(What is needed): Make an exact copy of the records below, excluding images.

(Records from a collection):
- Opening Delimiter -
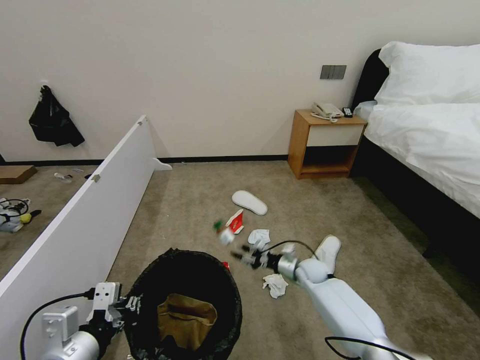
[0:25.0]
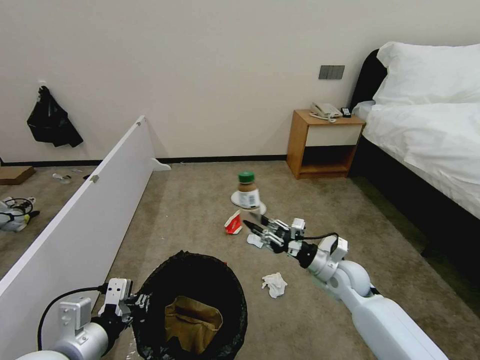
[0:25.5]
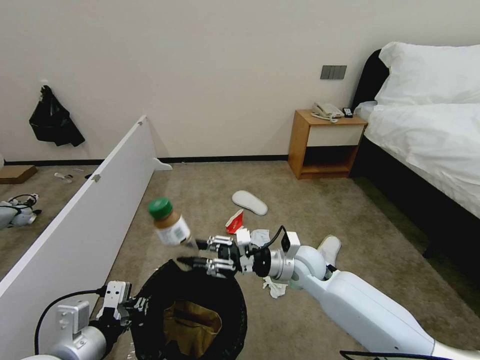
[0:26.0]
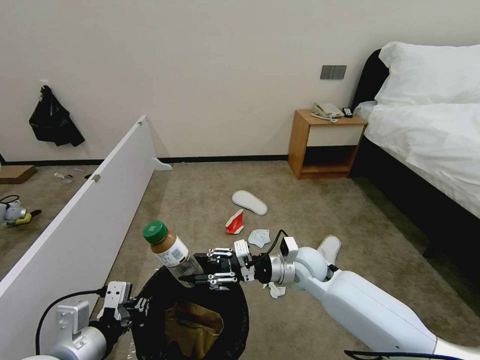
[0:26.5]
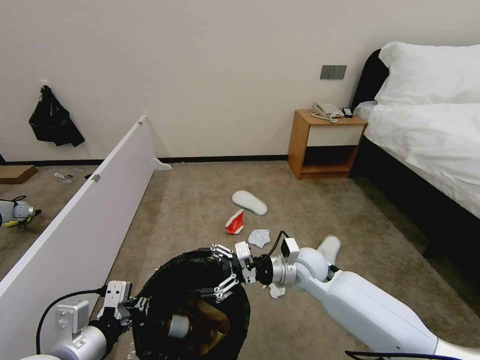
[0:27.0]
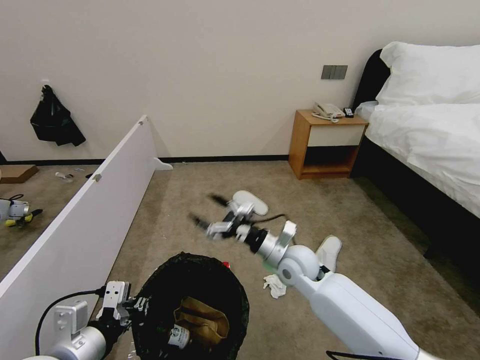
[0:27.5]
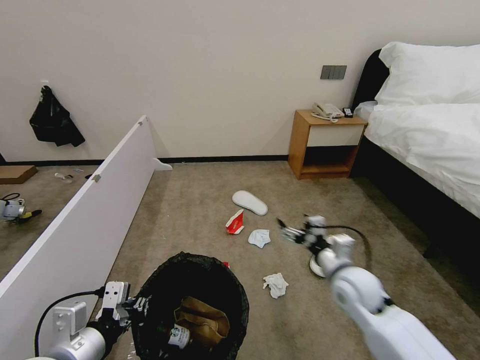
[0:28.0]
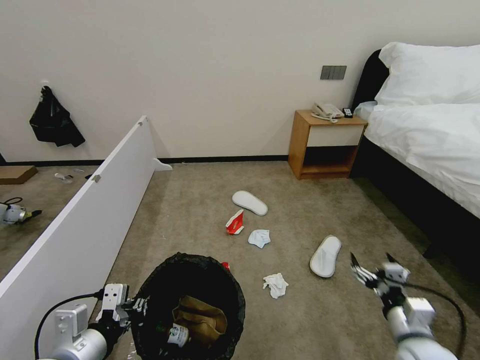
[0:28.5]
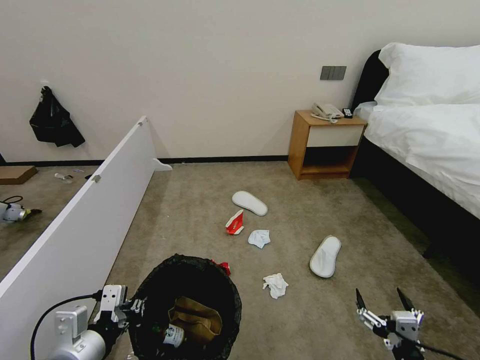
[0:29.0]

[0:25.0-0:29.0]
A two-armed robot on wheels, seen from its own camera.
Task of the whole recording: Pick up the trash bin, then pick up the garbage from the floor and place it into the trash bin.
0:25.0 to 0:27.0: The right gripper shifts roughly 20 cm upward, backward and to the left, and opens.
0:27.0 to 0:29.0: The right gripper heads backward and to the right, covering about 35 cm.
- Closing Delimiter -
(Problem solution):
[0:25.0]
[0:25.5]
[0:26.0]
[0:26.5]
[0:27.0]
[0:27.5]
[0:28.0]
[0:28.5]
[0:29.0]

[0:25.0-0:29.0]
A two-armed robot on wheels, seen from its own camera.
Task of the whole recording: Pick up the trash bin, then pick up the garbage from the floor and place it into the trash bin.
0:25.0 to 0:27.0: The right gripper shifts roughly 20 cm upward, backward and to the left, and opens.
0:27.0 to 0:29.0: The right gripper heads backward and to the right, covering about 35 cm.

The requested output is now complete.